Assuming by way of argument that there was congressional action present here, still the protection of the First Amendment could not be validly invoked by these plaintiffs. That amendment protects against prohibitions. This feature of the case is similar to a case recently decided by the Court of Appeals for the Seventh Circuit. Mitchell v. Pilgrim Holiness Church Corp., 7 Cir., 1954, 210 F.2d 879, 883 (Certiorari denied 74 S.Ct. 867). In that case a corporation engaged in religious work claimed to be exempt from the coverage of the Fair Labor Standards Act, 29 U.S.C.A. § 201 et seq., on the ground that to subject it to that Act would be to prohibit the free exercise of religion. This claim was rejected, the court saying: "We think that all of the above cases on which the defendant relies [cases in fact involving prohibitions on the free exercise of religion] are distinguishable from the instant case. The Fair Labor Standards Act does not in this case prohibit the free exercise of religion * * *." Nor can it be said that the plaintiffs' right to worship as they see fit has been prohibited or restricted before this court.

It is true that the plaintiffs have accrued valuable rights such as seniority, retirement and pass privileges by virtue of their long time employment.

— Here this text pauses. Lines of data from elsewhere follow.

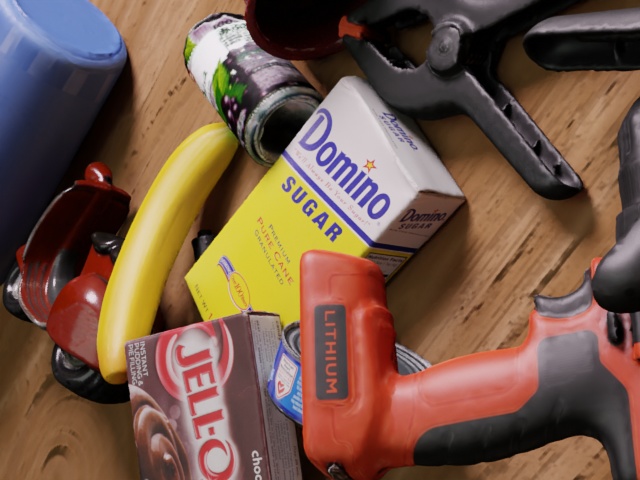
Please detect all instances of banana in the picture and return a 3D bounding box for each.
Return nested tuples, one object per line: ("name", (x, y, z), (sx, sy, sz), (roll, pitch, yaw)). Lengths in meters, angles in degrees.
("banana", (-0.100, -0.001, 0.678), (0.070, 0.037, 0.197), (-14, 49, 64))

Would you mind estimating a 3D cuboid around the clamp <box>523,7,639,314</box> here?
("clamp", (0.176, -0.062, 0.387), (0.210, 0.036, 0.164), (-20, 43, 27))

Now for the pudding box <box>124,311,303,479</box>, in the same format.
("pudding box", (-0.059, 0.102, 0.592), (0.090, 0.039, 0.113), (-16, 78, 32))

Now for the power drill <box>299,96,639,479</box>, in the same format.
("power drill", (0.086, 0.031, 0.458), (0.188, 0.057, 0.184), (-7, 70, 20))

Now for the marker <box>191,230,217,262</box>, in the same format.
("marker", (-0.066, 0.051, 0.691), (0.020, 0.020, 0.121), (-26, 68, 42))

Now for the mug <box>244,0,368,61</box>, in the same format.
("mug", (-0.011, -0.156, 0.612), (0.117, 0.093, 0.081), (89, 160, -57))

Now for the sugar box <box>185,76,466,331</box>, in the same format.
("sugar box", (-0.004, 0.001, 0.612), (0.176, 0.048, 0.093), (-52, 52, 31))

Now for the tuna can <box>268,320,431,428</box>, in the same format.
("tuna can", (0.017, 0.074, 0.553), (0.086, 0.085, 0.034), (31, 110, 44))

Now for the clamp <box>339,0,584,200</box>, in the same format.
("clamp", (0.077, -0.086, 0.542), (0.172, 0.039, 0.120), (10, 90, 47))

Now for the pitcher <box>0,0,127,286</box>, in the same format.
("pitcher", (-0.253, -0.087, 0.837), (0.149, 0.144, 0.243), (51, 119, 22))

These rights, however, are not constitutional but are contractual. Colbert v. Brotherhood of Railroad Trainmen, 9 Cir., 1953, 206 F.2d 9, McCormick, J.

In deciding this case I am fully aware that the question of "union shop" and "closed shop" presents a highly controversial issue, in which our people have divergent opinions. I feel the problems involved are legislative rather than judicial. In deciding cases involving such problems, it is not the function of this court to interject personal views but to endeavor to follow the law as the court finds it under the guidance of courts of superior authority, otherwise, decisions could very easily become the laws of men controlled by the individual views of the judge. I do not feel that a trial court should set at naught an act of Congress, unless it feels that such act is unconstitutional beyond a reasonable doubt. Whenever minds of men differ on such questions as herein involved such issues should be determined by a court that can bring finality to the question in dispute.

I believe my conclusions are in accordance with the rulings of the Supreme Court in Nicol v. Ames, 1899, 173 U.S. 509 at page 514, 19 S. Ct. 522 at page 525, 43 L. Ed. 786, wherein it said:

"It is always an exceedingly grave and delicate duty to decide upon the constitutionality of an act of the congress of the United States. The presumption, as has frequently been said, is in favor of the validity of the act; and it is only when the question is free from any reasonable doubt that the court should hold an act of the lawmaking power of the nation in violation of that fundamental instrument upon which all the powers of the government rest."

See also Crowell v. Benson, 1932, 285 U.S. 22, 63, 52 S. Ct. 285, 76 L. Ed. 598; Arkansas Fuel Oil Co. v. State of Louisiana ex rel. Muslow, 1938, 304 U.S. 197, 58 S. Ct. 832, 82 L. Ed. 1287.

The temporary restraining orders heretofore granted are hereby dissolved and the applications for permanent injunctions are hereby denied and said motions for summary judgments are granted. The applications for three-judge court are denied for the reasons herein stated.